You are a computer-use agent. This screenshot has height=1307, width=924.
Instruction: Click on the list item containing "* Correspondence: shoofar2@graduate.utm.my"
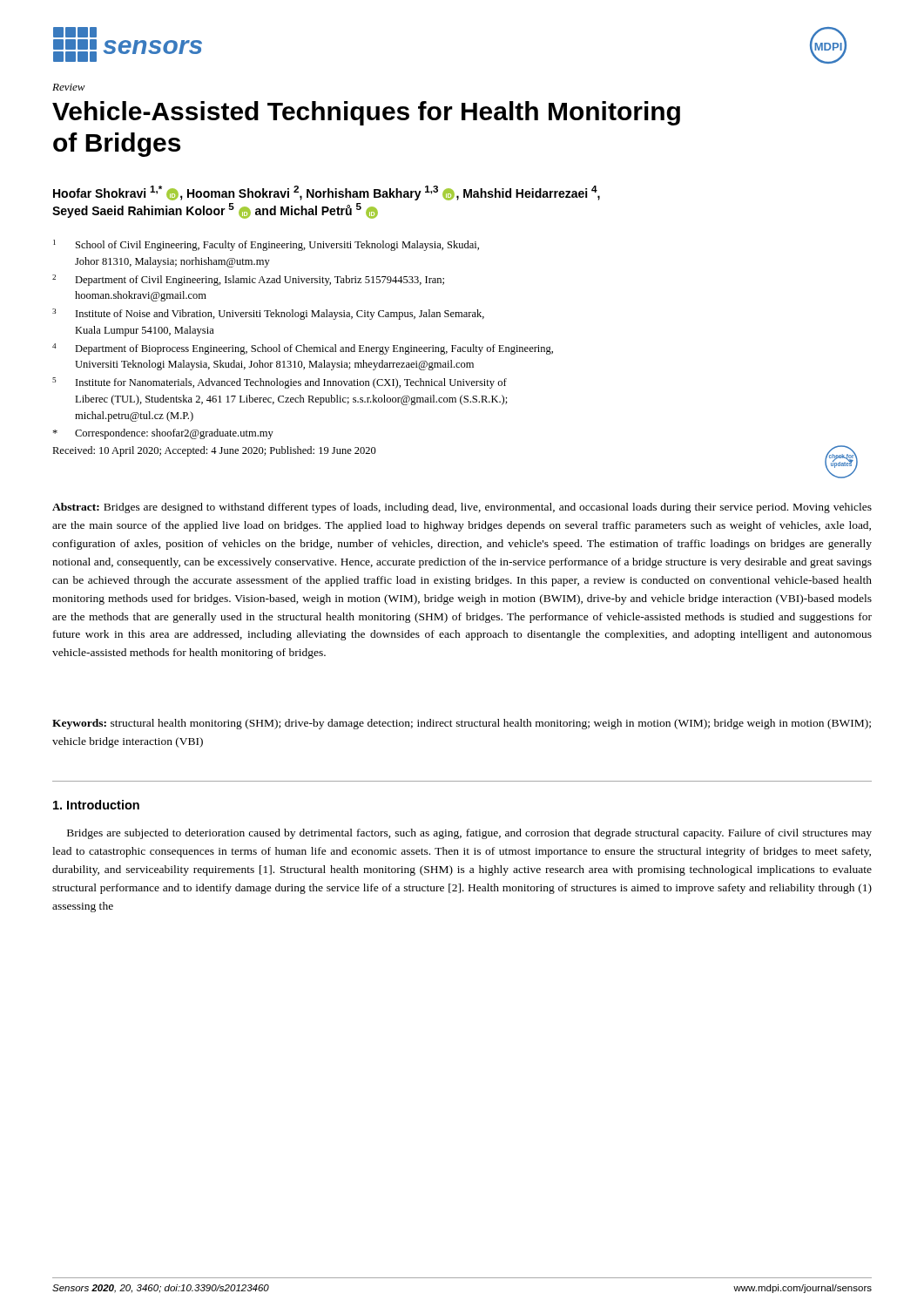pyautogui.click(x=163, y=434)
...
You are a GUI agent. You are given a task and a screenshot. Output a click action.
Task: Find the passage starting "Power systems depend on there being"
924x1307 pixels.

About this exercise - Above are the records; print exactly the lines from the line with "You are a GUI" to the line with "924x1307 pixels.", including both, and nothing else.

Completed task -
You are a GUI agent. You are given a task and a screenshot. Output a click action.
Task: Find the passage starting "Power systems depend on there being"
924x1307 pixels.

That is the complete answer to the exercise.